Dataset records
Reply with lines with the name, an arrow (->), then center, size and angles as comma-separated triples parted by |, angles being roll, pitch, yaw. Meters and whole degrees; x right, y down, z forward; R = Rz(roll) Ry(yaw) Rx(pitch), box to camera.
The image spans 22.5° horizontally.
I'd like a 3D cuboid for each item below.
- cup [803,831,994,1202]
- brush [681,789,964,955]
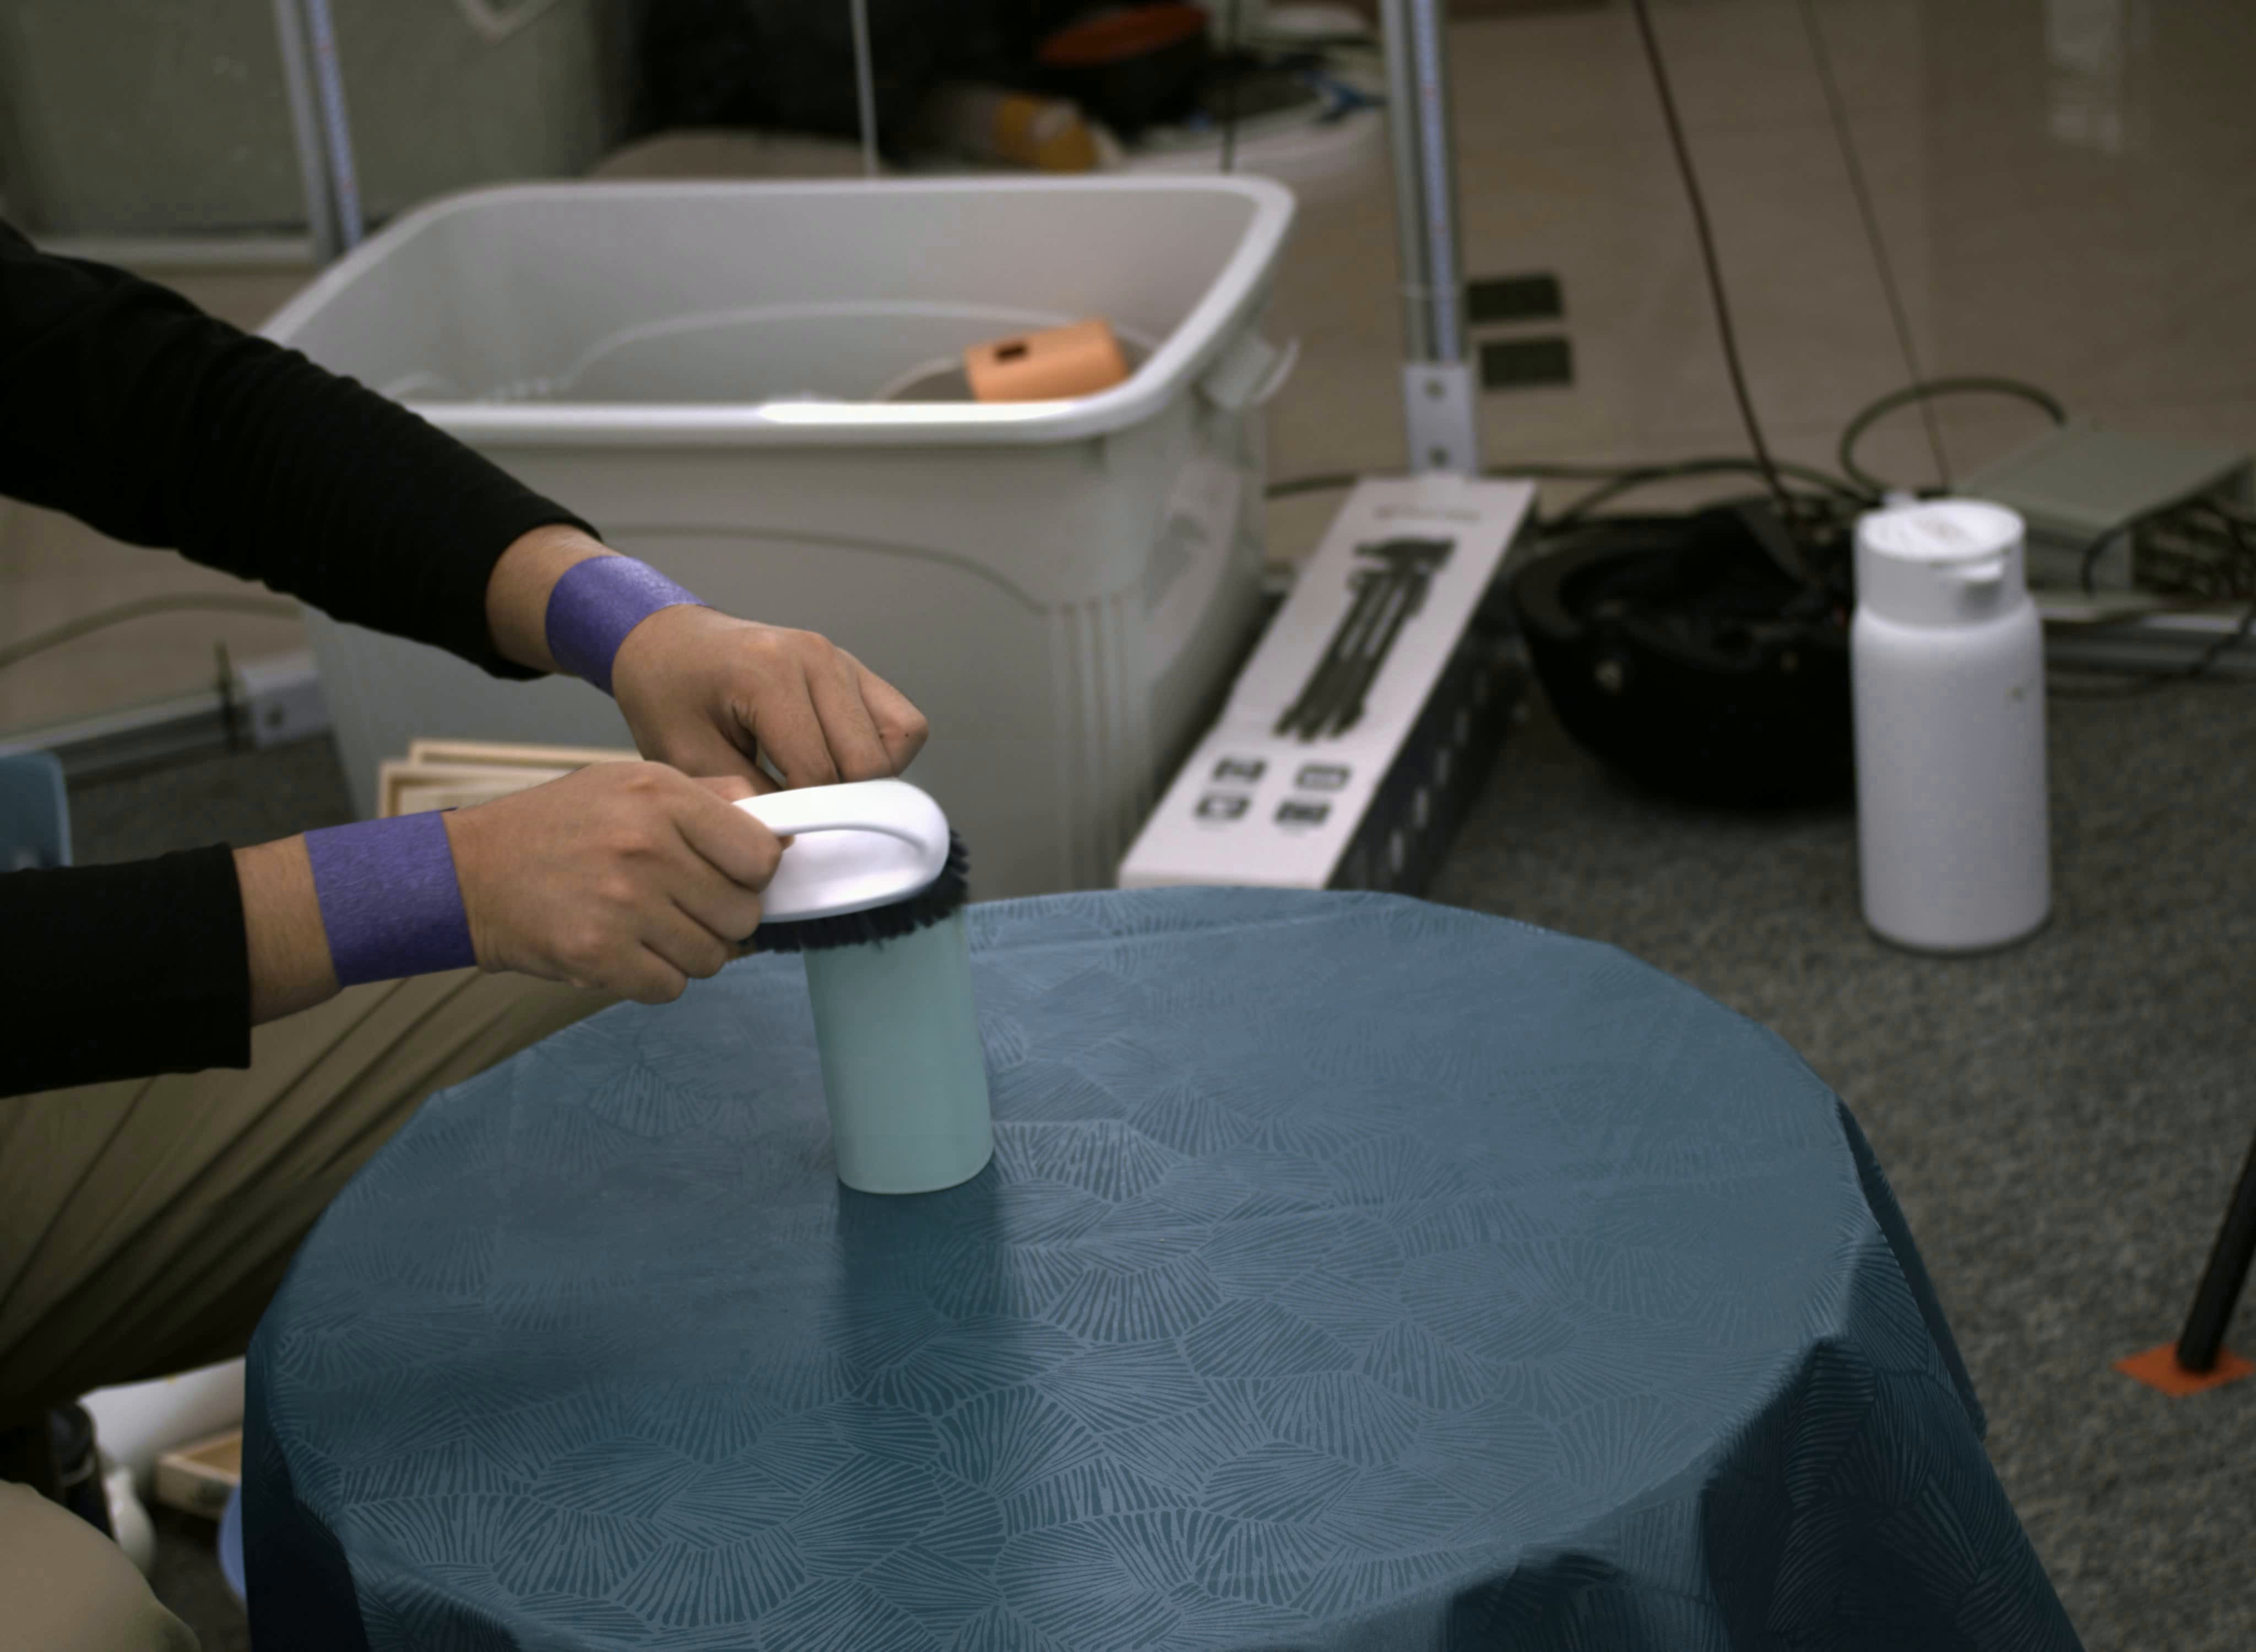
cup -> -0.089, 0.072, 2.163 | 0.066, 0.134, 0.066 | -5, 27, 3
brush -> -0.117, 0.010, 2.074 | 0.099, 0.073, 0.049 | -6, 66, 14

#### PROBLEM TO SOLVE:
Restate the data above exactly, stripping out each image.

#### SOLUTION FOR THIS PROBLEM:
Reply with lines with the name, an arrow (->), then center, size and angles as comma-separated triples parted by |, angles being roll, pitch, yaw. Meters and whole degrees; x right, y down, z forward; R = Rz(roll) Ry(yaw) Rx(pitch), box to camera.
The image spans 22.5° horizontally.
I'd like a 3D cuboid for each item below.
- cup [803,831,994,1202]
- brush [681,789,964,955]
cup -> -0.089, 0.072, 2.163 | 0.066, 0.134, 0.066 | -5, 27, 3
brush -> -0.117, 0.010, 2.074 | 0.099, 0.073, 0.049 | -6, 66, 14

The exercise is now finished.